The red line on the mini-map in the corner of the screen (and this uninviting red water)
show depths that house too much pressure currently for our submariner friend's suit.
Thus, Shinsekai: Into the Depths is a clever Metroid-structured game, where the main method of progression isn't item or ability-based (though those are used here and now, of course), but instead, it's based on upgrading your suit to tolerate higher underwater pressures, thus allowing you to access and explore new areas of the game world. That's not to say this aforementioned "clever Metroid-structure" is perfect. The foundation certainly is there, but it can be frustrating to traverse underwater, having the submariner cling to walls when you don't want them to, stumbling around areas to find specific materials, and learning to come to terms that even the shortest of falls can result in damage to your character. The latter point is a bit annoying, especially early in the game where you lack a plentiful amount of oxygen tanks, resulting in one or two cracked tanks leaving with you with little health to work with.

Later in Shinsekai: Into the Depths, you come across your own submarine, which allows you to access to new areas completely, using its drill to serve as the "key" to power through the ice "gates" that separate major unique areas of the game. It's also used in combat, particularly well done in one boss battle. Speaking of those, encounters in Shinsekai can be intense to the uninitiated, but each have a method and weakness to defeating them. The part that can be difficult is figuring that out.

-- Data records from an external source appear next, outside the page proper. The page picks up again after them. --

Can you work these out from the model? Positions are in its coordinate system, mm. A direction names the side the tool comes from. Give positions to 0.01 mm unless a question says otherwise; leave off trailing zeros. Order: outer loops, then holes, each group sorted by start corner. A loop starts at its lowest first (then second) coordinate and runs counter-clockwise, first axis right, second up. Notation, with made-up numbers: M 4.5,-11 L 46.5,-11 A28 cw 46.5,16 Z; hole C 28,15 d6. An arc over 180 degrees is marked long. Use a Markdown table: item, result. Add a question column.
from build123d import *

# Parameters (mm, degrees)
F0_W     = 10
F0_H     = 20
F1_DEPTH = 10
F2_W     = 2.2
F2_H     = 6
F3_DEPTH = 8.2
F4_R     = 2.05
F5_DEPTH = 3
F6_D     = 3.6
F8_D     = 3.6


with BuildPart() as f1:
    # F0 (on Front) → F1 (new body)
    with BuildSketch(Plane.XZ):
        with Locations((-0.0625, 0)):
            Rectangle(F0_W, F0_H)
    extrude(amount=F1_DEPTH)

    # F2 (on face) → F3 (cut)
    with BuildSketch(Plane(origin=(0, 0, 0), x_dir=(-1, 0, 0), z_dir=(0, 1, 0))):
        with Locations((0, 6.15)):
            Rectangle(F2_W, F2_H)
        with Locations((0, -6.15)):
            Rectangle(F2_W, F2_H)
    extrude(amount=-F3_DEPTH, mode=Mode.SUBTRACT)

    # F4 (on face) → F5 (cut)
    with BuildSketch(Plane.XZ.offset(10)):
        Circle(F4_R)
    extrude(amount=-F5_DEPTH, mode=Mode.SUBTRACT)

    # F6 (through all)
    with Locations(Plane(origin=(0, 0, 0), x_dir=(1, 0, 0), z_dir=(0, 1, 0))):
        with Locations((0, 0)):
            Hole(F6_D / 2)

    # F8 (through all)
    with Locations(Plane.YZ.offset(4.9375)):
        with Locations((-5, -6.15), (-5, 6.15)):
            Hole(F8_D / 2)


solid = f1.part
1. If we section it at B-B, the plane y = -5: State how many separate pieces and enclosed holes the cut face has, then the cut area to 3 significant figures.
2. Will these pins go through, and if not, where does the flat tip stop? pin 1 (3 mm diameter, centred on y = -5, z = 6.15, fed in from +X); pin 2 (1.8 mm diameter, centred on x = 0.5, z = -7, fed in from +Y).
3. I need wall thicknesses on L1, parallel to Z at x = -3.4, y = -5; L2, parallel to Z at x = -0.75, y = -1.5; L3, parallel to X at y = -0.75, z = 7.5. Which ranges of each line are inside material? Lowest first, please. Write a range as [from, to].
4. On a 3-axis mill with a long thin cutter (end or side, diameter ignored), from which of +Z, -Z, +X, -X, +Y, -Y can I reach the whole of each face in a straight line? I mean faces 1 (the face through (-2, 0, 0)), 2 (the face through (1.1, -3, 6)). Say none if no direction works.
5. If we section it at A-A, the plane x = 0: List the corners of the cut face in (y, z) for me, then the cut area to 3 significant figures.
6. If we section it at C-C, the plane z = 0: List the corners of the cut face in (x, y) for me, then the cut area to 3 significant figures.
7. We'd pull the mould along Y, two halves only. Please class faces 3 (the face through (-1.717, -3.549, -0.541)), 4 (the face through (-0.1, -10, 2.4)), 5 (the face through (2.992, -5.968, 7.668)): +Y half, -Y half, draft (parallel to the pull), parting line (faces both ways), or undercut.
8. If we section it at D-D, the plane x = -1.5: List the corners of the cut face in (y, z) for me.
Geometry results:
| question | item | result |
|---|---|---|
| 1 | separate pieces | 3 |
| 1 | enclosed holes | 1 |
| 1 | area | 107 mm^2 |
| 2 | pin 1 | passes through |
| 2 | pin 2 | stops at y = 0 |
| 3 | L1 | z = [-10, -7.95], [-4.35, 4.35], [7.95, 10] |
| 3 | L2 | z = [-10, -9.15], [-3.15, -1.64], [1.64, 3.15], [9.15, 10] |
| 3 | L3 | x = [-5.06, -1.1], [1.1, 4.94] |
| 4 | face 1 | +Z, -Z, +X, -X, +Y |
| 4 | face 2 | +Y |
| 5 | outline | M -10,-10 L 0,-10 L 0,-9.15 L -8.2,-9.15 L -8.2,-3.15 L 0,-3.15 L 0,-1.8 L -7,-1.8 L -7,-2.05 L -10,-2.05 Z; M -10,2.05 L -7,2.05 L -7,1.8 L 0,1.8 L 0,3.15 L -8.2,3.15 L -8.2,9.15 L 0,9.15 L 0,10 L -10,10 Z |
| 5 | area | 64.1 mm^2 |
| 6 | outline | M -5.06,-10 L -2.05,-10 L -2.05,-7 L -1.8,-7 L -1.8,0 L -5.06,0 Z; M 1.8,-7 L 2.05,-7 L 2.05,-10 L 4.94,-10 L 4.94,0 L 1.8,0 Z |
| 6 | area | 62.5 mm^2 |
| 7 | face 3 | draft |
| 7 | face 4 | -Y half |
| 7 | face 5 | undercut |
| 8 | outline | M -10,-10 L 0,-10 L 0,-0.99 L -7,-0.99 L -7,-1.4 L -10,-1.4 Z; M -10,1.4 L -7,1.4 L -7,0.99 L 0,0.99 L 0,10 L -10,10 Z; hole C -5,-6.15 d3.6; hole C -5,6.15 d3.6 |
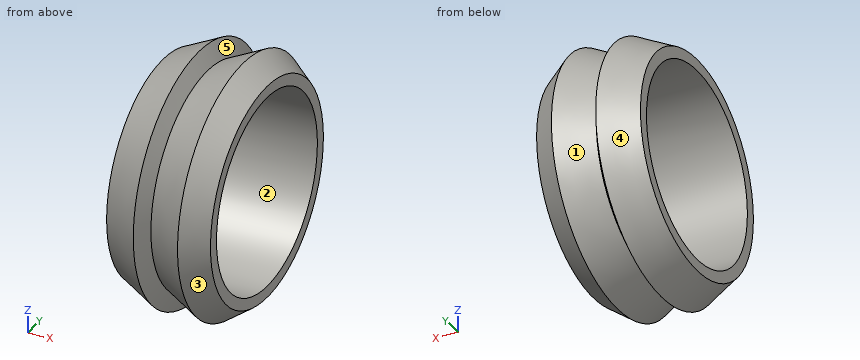
```python
from build123d import *

# Parameters (mm, degrees)
F2_R     = 6.532772
F3_DEPTH = 25.4


with BuildPart() as f1:
    # F0 (on Front) → F1 (revolve)
    with BuildSketch(Plane.XZ):
        Polygon((0, 7.308824), (0, 0), (6.985, 0), (6.985, 7.308824), (2.977107, 7.308824), align=None)
        Polygon((2.40231, 8.483916), (0, 7.308824), (2.977107, 7.308824), align=None)
        Polygon((2.977107, 7.308824), (6.985, 7.308824), (5.379418, 8.483916), align=None)
    revolve(axis=Axis((-6.382353, 0, 0), (-1, 0, 0)))

    # F2 (on face) → F3 (cut)
    with BuildSketch(Plane(origin=(0, 0, 0), x_dir=(0, -1, 0), z_dir=(-1, 0, 0))):
        Circle(F2_R)
    extrude(amount=-F3_DEPTH, mode=Mode.SUBTRACT)


solid = f1.part
```
Model file for the job. Use its own axes, mm. Face numbers are marked on the shaded views. A direction names the side the tool comes from. Coordinates: 2 decimals unless noted, no trailing zeros. Loops run counter-clockwise (first coordinate to the right, second up) from the corner with the lowest first, then second, coordinate; pieces in that order, holes last. Notation, with made-up numbers: (16.25, 83.5) - (36.25, 83.5) arc R15 ccw to (36.25, 110.5) - close; hole circle Ø2 at (-10, -27.75). An arc over 180 degrees is marked (long way). Answer as a JSON object with one key per item and string values. Group by question number.
(1) Cut at D-D (x = 4). Give the cut face in (y, z), then the cut area to 3 significant figures.
(2) Cut at C-C (x = 1). Give the cut face in (y, z).
(3) Two-plate mould, pull along X, no slides. Class the marked faces 3, 4 and 5: released by +X, released by -X, zero draft, split by the parting line, or undercut.
(4) Flat gauge pins, fed straight in: pin 1 (3 mm diameter, centred on x = 5, z = 2, fed in from -Y); pin 2 (2 mm diameter, centred on x = 4, z = 3, fed in from +Y). Where does each tip first touch, or does it go through?
(5) Probe line 1 along Y through (x, z) = (2.25, 1.5); line 2 along Y through (x, z) = (4.5, 1.25); line 3 along Z through (x, y) = (3.75, 0). List the from-to ranges inside material, lowest first.
(6) Tool access for the marked faces 1 and 2: list every direction of +Z, -Z, +X, -X, +Y, -Y with a clear straight run to the whole face (end or side of a thin tool).
(7) Cut at A-A (y = 0). Give the cut face in (x, z) (3 decimals).
Geometry says:
{
 "1": {"outline": "circle Ø15.62 at (0, 0); hole circle Ø13.07 at (0, 0)", "area": "57.5 mm^2"},
 "2": {"outline": "circle Ø15.6 at (0, 0); hole circle Ø13.07 at (0, 0)"},
 "3": {"face 3": "released by +X", "face 4": "released by -X", "face 5": "undercut"},
 "4": {"pin 1": "stops at y = -8.47", "pin 2": "stops at y = 7.84"},
 "5": {"line 1": "y = -8.27 to -6.36, 6.36 to 8.27", "line 2": "y = -7.96 to -6.41, 6.41 to 7.96", "line 3": "z = -7.69 to -6.53, 6.53 to 7.69"},
 "6": {"face 1": "none", "face 2": "+X, -X"},
 "7": {"outline": "(0, -7.309) - (2.402, -8.484) - (2.977, -7.309) - (5.379, -8.484) - (6.985, -7.309) - (6.985, -6.533) - (0, -6.533) - close; (0, 6.533) - (6.985, 6.533) - (6.985, 7.309) - (5.379, 8.484) - (2.977, 7.309) - (2.402, 8.484) - (0, 7.309) - close"}
}
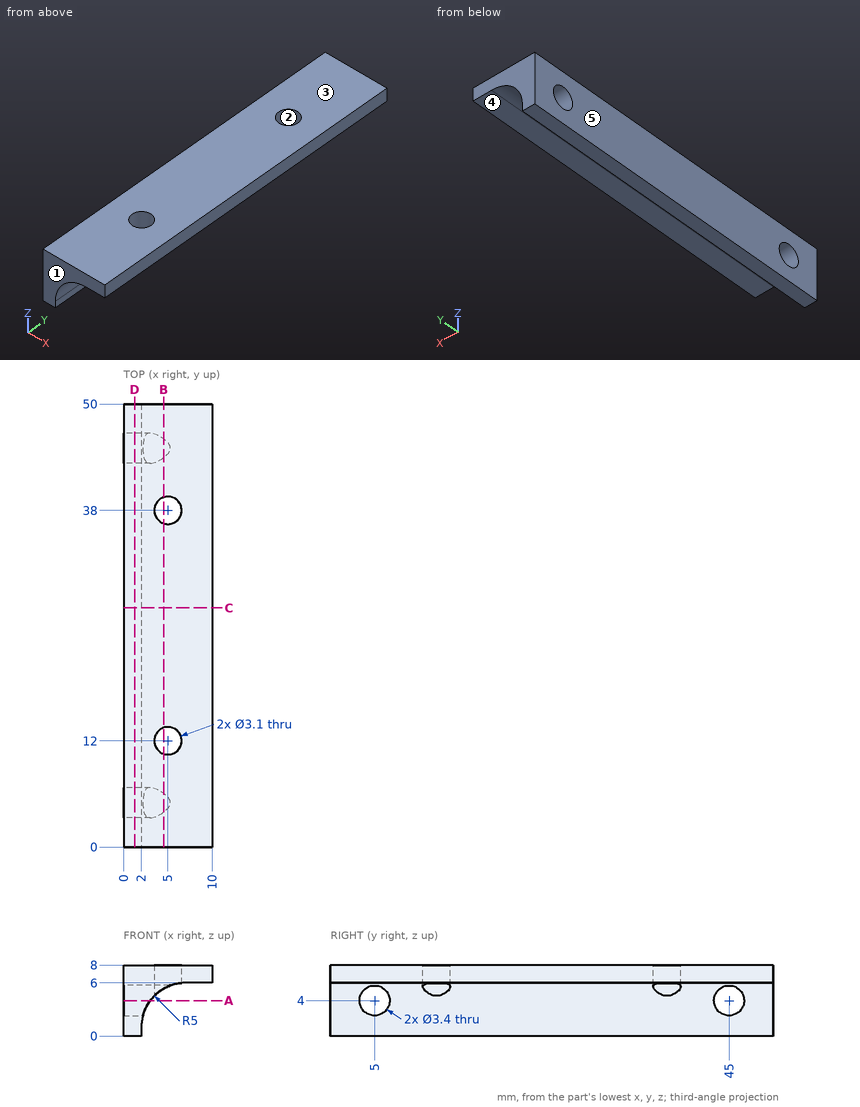
Here's the drawing with two shaded views (mm, measured from the low corner). I have some questions. A direction names the side the tool comes from. Coordinates: 2 decimals unless noted, no trailing zeros. Loops run counter-clockwise (first coordinate to the right, second up) from the corner with the lowest first, then second, coordinate; pieces in that order, holes last. Notation, with made-up numbers: M 86,-8.5 L 103,-8.5 A27 ccw 103,30.5 Z; hole C 52.25,-10 d1. An arc over 180 degrees is marked long. Put each result on its own line as item: value. Start each with the question number.
(1) Imagine slicing it at B-B on x = 4.5. List the corners of the cut face in (y, z) for me, and give its area (3 significant figures).
(2) Imagine slicing it at D-D on x = 1.25. List the corners of the cut face in (y, z) for me.
(3) Which directions (+Z, -Z, +X, -X, +Y, -Y) give clear straight access to the entire face, cutting with the end or side of a thin tool? Please do the marked faces 4 and 5.
(4) Imagine slicing it at A-A on z = 4. List the corners of the cut face in (x, y) for me, and give its area (3 significant figures).
(5) I need wall thicknesses on probe 1 along Y at (x, z) = (1.65, 4); probe 2 along Y at (x, z) = (5, 6.7); probe 3 along X at (y, z) = (34, 0.5). Which ranges of each line are inside material? Lowest first, please.
(6) We'd pull the mould along Y, two halves only. Please class the marked faces 1, 2 and 3: +Y half, -Y half, draft (parallel to the pull), parting line (faces both ways), or undercut.
(7) Will these pins go through, and if not, where does the flat tip stop? pin 1 Ø1 at (x, y) = (8.5, 39.5) entering from -Z; pin 2 Ø0.8 at (y, z) = (36, 0.5) entering from +X.
(8) Imagine slicing it at C-C on y = 27. List the corners of the cut face in (x, z) for me.
Worked answers:
1. outline: M 0,5.33 L 3.94,5.33 A1.7 cw 6.06,5.33 L 10.53,5.33 L 10.53,8 L 0,8 Z; M 13.47,5.33 L 36.53,5.33 L 36.53,8 L 13.47,8 Z; M 39.47,5.33 L 43.94,5.33 A1.7 cw 46.06,5.33 L 50,5.33 L 50,8 L 39.47,8 Z
1. area: 117 mm2
2. outline: M 0,0 L 50,0 L 50,8 L 0,8 Z; hole C 5,4 d3.4; hole C 45,4 d3.4
3. face 4: -Z, +X, +Y, -Y
3. face 5: +Z, -Z, -X, +Y, -Y
4. outline: M 0,0 L 3,0 L 3,3.3 L 0,3.3 Z; M 0,6.7 L 3,6.7 L 3,43.3 L 0,43.3 Z; M 0,46.7 L 3,46.7 L 3,50 L 0,50 Z
4. area: 130 mm2
5. probe 1: y = 0 to 3.3, 6.7 to 43.3, 46.7 to 50
5. probe 2: y = 0 to 10.45, 13.55 to 36.45, 39.55 to 50
5. probe 3: x = 0 to 2
6. face 1: -Y half
6. face 2: undercut
6. face 3: draft
7. pin 1: stops at z = 6
7. pin 2: stops at x = 2
8. outline: M 0,0 L 2,0 L 2,1 A5 cw 7,6 L 10,6 L 10,8 L 0,8 Z
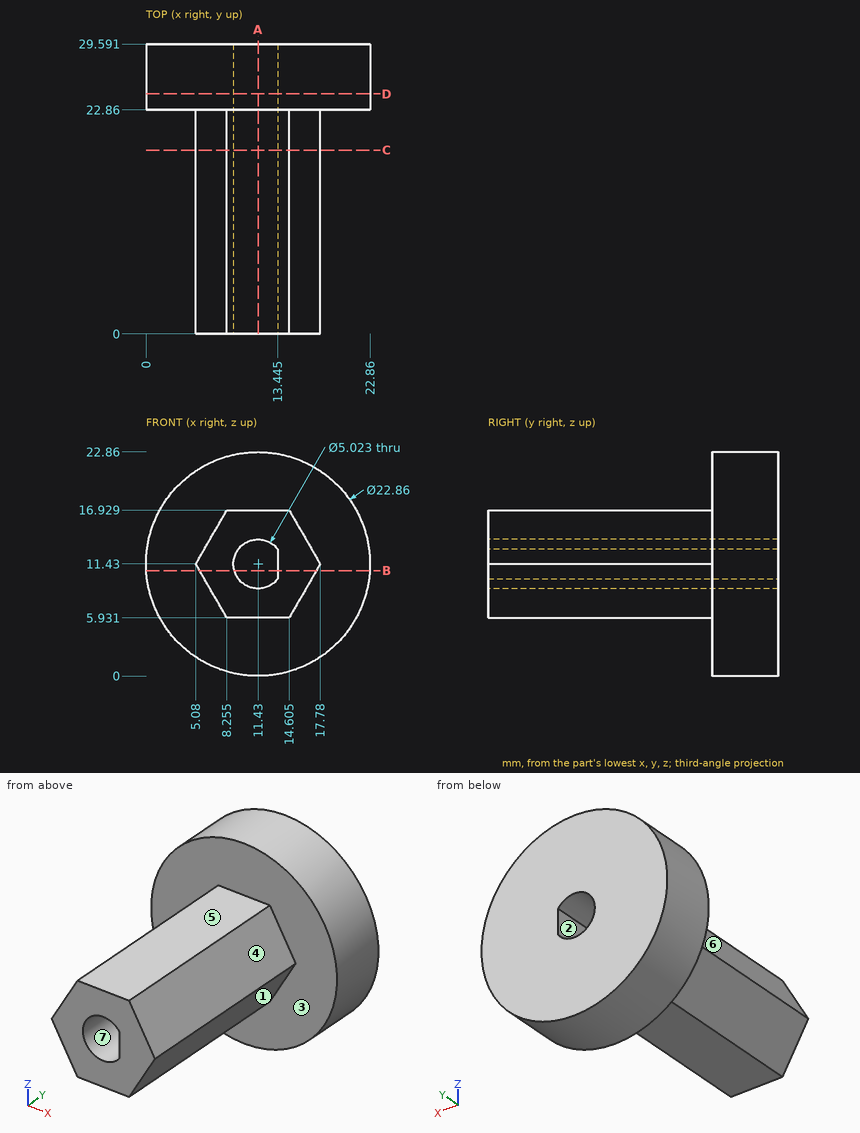
Print and shaded views of the part. All mm, measured from the part's lowest x, y and z. A direction names the side the tool comes from. Coordinates: 2 decimals unless noted, no trailing zeros. Loops run counter-clockwise (first coordinate to the right, second up) from the corner with the lowest first, then second, coordinate; pieces in that order, holes last. Notation, with made-up numbers: M 72.25,-37.75 L 120.25,-37.75 A11 ccw 120.25,-24.75 Z; hole C 78.5,0 d5. An arc over 180 degrees is marked long. Use a Markdown table: item, result. Add a question column.
Q1. Cut at B-B (z = 10.75). Write the cut outline in (x, y) (1 decimal), and give its area (3 significant figures).
Q2. Mould opens along X. For the marked faces 5, 6 and 7 say: +X half, -X half, draft (parallel to the pull), parting line (faces both ways), or undercut.
Q3. Pin check, flat tips, straight feed: P1, Ø12, axis at y = 8.5, z = 9.5, coming from the -X side; P2, Ø12, axis at x = 5.5, y = 19, coming from the -Z side; P3, Ø3, axis at x = 11.5, y = 15, coming from the +Z side. Stop position of each tip, or through.
Q4. Cut at A-A (x = 11.43). Write the cut outline in (y, z).
Q5. Cut at D-D (y = 24.5). Write the cut outline in (x, z) (1 decimal).
Q6. Which spindle directions (+Z, -Z, +X, -X, +Y, -Y) get a long thin tool onto all of the face, cutting with end or side? Do the marked faces 1, 2, 3 and 4. Say none if no direction does.
Q7. Cut at C-C (y = 18.75). Write the cut outline in (x, z) (1 decimal).
Q8. Probe L1, parallel to X at y = 15, z = 11.43 (1 decimal); L2, parallel to Z at x = 11.43, y = 20.5; L3, parallel to Z at x = 11.25, y = 23.5 (1 decimal). List the from-to ranges inside material, lowest first.
Worked out:
| question | item | result |
|---|---|---|
| 1 | outline | M 0,22.9 L 5.5,22.9 L 5.5,0 L 9,0 L 9,29.6 L 0,29.6 Z; M 13.4,0 L 17.4,0 L 17.4,22.9 L 22.8,22.9 L 22.8,29.6 L 13.4,29.6 Z |
| 1 | area | 295 mm2 |
| 2 | face 5 | draft |
| 2 | face 6 | -X half |
| 2 | face 7 | undercut |
| 3 | P1 | stops at x = 5.08 |
| 3 | P2 | stops at z = 0.08 |
| 3 | P3 | stops at z = 16.93 |
| 4 | outline | M 0,5.93 L 22.86,5.93 L 22.86,0 L 29.59,0 L 29.59,8.92 L 0,8.92 Z; M 0,13.94 L 29.59,13.94 L 29.59,22.86 L 22.86,22.86 L 22.86,16.93 L 0,16.93 Z |
| 5 | outline | C 11.4,11.4 d22.9; hole M 13.4,9.9 L 13.4,12.9 A2.5 ccw long Z |
| 6 | face 1 | -Z, +X, -Y |
| 6 | face 2 | +Y, -Y |
| 6 | face 3 | -Y |
| 6 | face 4 | +Z, +X, -Y |
| 7 | outline | M 5.1,11.4 L 8.3,5.9 L 14.6,5.9 L 17.8,11.4 L 14.6,16.9 L 8.3,16.9 Z; hole M 13.4,9.9 L 13.4,12.9 A2.5 ccw long Z |
| 8 | L1 | x = 5.1 to 8.9, 13.4 to 17.8 |
| 8 | L2 | z = 5.93 to 8.92, 13.94 to 16.93 |
| 8 | L3 | z = 0 to 8.9, 13.9 to 22.9 |
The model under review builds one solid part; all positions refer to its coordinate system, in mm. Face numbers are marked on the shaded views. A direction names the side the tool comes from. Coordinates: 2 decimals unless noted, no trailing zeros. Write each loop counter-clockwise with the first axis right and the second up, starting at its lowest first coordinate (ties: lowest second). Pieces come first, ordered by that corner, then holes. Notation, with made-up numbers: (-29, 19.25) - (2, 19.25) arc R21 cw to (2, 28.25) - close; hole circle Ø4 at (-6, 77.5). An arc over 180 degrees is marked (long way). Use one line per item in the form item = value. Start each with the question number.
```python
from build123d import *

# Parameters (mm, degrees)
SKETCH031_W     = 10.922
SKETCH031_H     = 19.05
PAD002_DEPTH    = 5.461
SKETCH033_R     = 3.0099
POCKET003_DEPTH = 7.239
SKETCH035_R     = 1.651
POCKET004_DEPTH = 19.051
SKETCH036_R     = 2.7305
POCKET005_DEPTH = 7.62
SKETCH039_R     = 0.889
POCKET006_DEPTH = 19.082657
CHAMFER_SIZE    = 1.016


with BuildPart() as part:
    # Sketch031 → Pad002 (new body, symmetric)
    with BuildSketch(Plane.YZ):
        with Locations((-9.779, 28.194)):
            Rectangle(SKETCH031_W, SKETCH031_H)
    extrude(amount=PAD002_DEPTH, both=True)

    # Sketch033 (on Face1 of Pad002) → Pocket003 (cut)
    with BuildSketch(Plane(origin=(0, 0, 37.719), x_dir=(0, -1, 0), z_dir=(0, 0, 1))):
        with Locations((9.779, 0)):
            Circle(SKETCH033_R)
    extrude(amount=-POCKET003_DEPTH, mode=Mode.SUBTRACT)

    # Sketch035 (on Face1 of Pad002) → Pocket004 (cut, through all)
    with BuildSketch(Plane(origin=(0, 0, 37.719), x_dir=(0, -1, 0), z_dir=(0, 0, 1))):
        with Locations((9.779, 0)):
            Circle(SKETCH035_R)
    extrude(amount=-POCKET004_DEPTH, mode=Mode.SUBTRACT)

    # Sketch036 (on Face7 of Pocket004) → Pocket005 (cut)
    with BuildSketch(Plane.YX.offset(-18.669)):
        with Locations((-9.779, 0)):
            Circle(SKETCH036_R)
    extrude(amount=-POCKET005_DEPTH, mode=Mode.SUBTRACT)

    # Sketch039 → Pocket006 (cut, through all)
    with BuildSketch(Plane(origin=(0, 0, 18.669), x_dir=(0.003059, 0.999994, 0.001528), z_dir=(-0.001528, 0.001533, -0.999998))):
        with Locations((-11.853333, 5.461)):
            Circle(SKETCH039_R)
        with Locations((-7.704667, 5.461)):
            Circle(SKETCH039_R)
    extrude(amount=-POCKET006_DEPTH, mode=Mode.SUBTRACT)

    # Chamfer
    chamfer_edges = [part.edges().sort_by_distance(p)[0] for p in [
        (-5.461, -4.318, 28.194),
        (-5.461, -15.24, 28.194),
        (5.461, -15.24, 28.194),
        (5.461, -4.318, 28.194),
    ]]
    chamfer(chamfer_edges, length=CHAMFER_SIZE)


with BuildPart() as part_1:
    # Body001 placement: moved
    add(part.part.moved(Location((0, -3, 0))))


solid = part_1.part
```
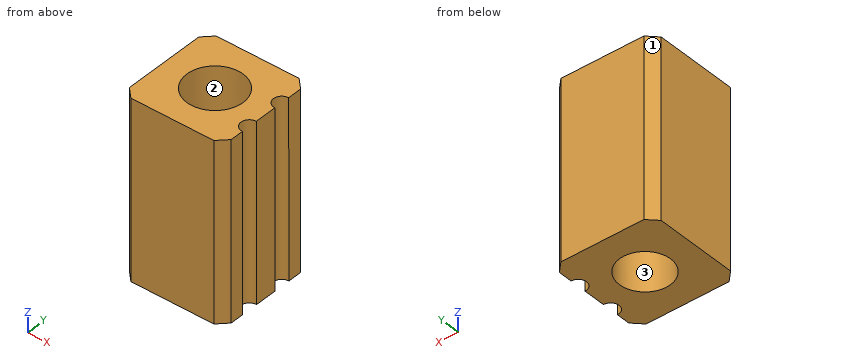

While some areas can be quite claustrophobic, others are wide open to explore. Great for one's submarine.
Shinsekai: Into the Depths isn't a terribly lengthy game. I completed it with most of the in-game achievements in tow in just over seven hours. However, a second run mode, the potential for players to miss certain collectibles, and the simple joy of replaying the game make an argument for some more longevity. That and the game being a general and genuine pleasure to play and being a poignant experience adds to that aforementioned argument as well.

As a game originating on iOS devices via the Apple Arcade initiative, it didn't take much housekeeping for Capcom's game to arrive on the Nintendo Switch in a positive manner, but Shinsekai: Into the Depths is a successful port of a sublime and creative take on the Metroidvania genre. Aquaphobics may feel some unease playing this particular title, but for everyone else, Shinsekai: Into the Depths delivers an engaging, if not short-lived underwater adventure worthy of diving in and enjoying.